Most amateur diagnosticians have mislabeled President Trump with the diagnosis of narcissistic personality disorder. I wrote the criteria that define this disorder, and Mr. Trump doesn’t meet them. He may be a world-class narcissist, but this doesn’t make him mentally ill, because he does not suffer from the distress and impairment required to diagnose mental disorder.

Mr. Trump causes severe distress rather than experiencing it and has been richly rewarded, rather than punished, for his grandiosity, self-absorption and lack of empathy. It is a stigmatizing insult to the mentally ill (who are mostly well behaved and well meaning) to be lumped with Mr. Trump (who is neither).

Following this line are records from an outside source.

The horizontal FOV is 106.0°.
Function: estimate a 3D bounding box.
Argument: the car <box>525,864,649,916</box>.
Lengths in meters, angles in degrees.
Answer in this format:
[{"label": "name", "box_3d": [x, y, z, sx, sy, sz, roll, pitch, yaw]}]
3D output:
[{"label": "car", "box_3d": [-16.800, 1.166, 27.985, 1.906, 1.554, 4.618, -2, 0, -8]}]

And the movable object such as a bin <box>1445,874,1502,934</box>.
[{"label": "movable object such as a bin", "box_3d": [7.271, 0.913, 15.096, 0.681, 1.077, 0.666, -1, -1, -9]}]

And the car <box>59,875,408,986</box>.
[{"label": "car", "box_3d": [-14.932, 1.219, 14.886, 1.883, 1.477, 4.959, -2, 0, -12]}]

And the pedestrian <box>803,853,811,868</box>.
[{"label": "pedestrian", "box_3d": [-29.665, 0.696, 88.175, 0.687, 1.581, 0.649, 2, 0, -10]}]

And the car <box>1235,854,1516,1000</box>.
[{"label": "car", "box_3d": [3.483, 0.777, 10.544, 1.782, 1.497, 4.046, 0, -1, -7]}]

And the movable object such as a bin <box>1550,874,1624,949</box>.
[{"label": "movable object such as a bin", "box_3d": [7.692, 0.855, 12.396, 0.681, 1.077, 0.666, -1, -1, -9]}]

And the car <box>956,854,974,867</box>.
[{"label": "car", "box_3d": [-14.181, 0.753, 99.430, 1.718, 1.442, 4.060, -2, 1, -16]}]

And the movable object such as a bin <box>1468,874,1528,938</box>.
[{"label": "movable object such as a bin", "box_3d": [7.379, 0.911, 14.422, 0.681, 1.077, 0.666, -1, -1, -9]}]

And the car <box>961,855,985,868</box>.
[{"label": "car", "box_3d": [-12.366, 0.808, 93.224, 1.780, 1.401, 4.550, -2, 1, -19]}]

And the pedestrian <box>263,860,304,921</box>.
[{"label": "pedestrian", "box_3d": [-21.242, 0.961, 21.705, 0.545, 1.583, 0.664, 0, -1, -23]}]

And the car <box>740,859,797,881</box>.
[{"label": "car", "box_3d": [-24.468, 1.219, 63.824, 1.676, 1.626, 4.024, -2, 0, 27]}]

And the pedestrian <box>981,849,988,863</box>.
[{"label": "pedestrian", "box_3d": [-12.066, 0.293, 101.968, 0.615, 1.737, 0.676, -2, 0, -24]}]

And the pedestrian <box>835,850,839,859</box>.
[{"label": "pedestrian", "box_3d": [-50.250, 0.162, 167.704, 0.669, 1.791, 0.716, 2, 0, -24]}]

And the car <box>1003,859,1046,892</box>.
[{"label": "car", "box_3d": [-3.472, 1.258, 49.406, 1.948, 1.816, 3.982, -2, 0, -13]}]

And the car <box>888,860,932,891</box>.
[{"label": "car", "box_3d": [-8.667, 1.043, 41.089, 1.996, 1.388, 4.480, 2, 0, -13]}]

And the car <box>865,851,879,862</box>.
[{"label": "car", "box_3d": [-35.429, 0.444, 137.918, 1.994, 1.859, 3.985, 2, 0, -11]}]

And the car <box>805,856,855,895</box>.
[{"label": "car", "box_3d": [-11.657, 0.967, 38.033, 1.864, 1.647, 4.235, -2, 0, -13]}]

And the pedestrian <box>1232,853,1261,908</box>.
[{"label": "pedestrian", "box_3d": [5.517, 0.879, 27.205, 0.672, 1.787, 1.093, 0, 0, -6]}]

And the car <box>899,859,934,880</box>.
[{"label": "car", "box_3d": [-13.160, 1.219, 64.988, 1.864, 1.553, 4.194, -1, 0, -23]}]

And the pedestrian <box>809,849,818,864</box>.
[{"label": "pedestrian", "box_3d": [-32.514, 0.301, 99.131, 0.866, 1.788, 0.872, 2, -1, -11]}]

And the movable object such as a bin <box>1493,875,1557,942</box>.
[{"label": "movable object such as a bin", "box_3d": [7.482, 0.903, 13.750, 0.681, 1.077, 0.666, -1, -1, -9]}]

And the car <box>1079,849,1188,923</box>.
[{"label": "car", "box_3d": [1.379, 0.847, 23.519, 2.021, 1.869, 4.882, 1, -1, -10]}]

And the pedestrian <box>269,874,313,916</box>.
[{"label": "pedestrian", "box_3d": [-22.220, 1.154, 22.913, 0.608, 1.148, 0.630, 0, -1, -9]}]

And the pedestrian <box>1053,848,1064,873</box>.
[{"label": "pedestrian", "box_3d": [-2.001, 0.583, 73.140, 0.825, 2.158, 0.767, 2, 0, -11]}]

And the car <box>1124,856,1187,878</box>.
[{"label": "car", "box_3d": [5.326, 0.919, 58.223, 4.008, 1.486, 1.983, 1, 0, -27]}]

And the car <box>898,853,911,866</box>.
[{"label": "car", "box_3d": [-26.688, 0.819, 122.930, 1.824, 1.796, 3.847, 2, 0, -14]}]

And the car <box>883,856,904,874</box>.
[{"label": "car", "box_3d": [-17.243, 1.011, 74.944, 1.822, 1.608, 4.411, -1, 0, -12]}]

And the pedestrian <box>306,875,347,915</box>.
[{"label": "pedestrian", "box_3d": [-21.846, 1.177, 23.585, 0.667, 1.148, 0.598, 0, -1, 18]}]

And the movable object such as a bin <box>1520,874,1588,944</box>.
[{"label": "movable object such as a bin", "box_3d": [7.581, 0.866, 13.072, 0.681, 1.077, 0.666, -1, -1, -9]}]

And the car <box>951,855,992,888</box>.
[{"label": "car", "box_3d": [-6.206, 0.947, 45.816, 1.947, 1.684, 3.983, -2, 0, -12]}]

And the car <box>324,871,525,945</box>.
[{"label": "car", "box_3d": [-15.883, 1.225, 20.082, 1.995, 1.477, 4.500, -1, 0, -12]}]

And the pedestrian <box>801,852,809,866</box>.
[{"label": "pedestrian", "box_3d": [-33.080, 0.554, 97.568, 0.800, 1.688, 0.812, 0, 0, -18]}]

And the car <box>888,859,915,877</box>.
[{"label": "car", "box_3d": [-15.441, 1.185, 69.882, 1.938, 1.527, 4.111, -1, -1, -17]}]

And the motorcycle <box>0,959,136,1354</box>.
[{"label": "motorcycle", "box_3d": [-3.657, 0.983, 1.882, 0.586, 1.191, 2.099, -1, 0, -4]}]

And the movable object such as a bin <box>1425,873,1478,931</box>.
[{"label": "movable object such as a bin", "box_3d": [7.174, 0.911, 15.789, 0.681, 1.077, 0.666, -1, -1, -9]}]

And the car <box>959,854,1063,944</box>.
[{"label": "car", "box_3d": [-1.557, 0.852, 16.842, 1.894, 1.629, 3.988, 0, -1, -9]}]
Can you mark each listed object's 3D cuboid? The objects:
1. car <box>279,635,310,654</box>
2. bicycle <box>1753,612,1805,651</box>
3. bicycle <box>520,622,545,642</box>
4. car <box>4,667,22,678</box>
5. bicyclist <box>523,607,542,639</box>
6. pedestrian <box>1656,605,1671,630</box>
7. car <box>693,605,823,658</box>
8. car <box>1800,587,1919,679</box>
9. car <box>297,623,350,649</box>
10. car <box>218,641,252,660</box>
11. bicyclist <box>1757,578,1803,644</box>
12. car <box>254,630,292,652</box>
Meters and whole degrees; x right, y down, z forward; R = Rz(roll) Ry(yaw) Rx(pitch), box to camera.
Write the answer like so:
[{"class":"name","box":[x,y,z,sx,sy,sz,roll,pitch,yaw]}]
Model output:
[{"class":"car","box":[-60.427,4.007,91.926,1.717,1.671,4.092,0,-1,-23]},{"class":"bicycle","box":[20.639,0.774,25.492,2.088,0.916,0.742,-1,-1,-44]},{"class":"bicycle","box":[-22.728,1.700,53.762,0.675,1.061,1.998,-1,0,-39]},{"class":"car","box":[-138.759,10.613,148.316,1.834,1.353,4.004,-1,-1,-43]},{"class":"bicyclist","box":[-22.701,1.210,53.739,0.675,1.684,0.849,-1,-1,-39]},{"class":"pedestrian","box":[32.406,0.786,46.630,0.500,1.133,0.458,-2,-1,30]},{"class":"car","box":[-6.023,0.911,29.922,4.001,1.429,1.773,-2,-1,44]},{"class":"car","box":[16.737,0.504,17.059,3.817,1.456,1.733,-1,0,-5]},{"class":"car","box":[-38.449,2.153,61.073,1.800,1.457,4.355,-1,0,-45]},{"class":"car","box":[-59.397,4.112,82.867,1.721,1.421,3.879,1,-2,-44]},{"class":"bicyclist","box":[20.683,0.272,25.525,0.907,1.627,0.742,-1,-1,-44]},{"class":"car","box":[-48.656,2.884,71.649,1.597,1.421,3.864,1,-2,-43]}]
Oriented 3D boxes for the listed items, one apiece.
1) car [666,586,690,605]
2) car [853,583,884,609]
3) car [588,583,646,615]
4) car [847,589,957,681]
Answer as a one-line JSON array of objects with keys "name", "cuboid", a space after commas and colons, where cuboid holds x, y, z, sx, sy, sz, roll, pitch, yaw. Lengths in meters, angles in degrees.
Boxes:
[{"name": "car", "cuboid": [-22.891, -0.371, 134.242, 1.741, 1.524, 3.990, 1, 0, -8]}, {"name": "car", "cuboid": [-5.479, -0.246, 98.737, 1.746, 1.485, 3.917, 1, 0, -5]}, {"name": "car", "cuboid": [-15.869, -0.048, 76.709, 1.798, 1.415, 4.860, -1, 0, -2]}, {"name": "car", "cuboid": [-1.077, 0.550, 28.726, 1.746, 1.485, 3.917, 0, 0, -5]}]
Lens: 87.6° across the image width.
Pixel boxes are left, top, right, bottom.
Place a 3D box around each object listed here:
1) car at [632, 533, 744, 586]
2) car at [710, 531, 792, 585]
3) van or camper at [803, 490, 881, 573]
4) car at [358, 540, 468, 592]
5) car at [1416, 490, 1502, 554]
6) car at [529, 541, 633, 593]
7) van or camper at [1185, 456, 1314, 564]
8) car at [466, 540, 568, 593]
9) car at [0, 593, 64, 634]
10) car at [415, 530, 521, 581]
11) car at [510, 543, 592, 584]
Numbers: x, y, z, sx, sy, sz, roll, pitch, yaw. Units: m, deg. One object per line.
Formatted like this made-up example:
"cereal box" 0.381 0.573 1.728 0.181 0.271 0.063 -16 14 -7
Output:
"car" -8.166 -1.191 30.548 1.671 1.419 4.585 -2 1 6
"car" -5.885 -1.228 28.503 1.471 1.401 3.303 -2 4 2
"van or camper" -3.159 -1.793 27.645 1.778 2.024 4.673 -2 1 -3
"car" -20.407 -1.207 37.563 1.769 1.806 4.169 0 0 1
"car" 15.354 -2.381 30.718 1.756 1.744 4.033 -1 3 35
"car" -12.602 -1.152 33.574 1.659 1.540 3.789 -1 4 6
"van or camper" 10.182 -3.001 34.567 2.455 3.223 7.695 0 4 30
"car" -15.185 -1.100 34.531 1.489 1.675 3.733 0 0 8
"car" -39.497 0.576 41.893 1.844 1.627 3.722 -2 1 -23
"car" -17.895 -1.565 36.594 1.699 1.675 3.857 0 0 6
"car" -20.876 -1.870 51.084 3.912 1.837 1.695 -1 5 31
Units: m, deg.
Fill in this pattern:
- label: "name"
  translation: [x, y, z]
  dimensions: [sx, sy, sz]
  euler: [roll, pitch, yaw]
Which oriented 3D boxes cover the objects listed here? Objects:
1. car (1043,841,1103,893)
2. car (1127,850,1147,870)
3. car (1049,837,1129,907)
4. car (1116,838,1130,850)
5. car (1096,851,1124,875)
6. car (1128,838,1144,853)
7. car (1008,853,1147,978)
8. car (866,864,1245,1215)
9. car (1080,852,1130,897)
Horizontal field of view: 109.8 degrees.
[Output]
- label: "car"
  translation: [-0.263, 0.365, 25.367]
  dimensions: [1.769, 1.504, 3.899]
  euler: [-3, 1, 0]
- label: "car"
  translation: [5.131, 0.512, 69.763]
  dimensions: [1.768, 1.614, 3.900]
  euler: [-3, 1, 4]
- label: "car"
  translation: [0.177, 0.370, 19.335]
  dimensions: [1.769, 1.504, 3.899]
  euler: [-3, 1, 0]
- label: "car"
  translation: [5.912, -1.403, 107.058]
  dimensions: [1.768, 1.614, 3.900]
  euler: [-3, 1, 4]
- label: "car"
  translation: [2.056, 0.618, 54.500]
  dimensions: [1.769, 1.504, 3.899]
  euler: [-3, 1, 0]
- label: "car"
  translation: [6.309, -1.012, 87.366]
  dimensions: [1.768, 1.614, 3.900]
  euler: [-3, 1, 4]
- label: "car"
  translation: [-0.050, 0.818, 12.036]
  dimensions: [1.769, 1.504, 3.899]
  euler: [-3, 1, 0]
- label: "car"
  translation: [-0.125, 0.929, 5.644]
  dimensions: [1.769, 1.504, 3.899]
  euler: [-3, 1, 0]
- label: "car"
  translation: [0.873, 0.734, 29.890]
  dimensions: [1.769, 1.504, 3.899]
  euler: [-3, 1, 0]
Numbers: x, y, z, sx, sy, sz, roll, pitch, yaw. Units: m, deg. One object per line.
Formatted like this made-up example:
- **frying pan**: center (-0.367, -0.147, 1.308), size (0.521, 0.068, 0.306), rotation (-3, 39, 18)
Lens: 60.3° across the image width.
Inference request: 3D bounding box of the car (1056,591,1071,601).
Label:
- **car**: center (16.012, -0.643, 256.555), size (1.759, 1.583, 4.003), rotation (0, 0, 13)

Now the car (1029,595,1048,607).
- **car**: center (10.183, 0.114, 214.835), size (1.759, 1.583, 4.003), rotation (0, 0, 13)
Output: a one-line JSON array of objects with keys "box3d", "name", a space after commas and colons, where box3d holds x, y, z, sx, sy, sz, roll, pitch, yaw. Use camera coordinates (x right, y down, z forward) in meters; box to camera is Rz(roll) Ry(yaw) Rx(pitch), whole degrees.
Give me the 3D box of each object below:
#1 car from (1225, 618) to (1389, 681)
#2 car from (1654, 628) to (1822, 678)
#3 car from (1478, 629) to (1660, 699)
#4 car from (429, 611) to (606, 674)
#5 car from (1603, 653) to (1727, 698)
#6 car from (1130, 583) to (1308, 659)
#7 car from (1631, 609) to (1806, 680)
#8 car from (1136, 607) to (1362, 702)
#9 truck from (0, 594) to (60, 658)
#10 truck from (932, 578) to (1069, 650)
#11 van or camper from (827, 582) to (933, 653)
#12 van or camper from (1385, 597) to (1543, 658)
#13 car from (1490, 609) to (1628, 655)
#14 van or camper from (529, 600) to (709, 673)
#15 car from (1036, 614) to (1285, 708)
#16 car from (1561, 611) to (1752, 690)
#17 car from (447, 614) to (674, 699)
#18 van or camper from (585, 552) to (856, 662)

This is surely a good cautionary word, but I have some questions, and the primary one is: How does Dr. Frances, who has not examined Trump and has probably never met him, know that Trump “does not suffer from the distress and impairment required to diagnose mental disorder”? What empirical knowledge does he have about Trump’s distress or lack thereof? Frances claims that “Mr. Trump causes severe distress rather than experiencing it,” but surely it is possible for a person to cause and experience distress? It seems to me that if you can violate the Goldwater Rule by claiming that someone you have not examined definitely has a disorder, you can also violate it by claiming that someone you have not examined definitely does not have that disorder. Dr. Frances seems just as overconfident as the people whose letter he’s responding to.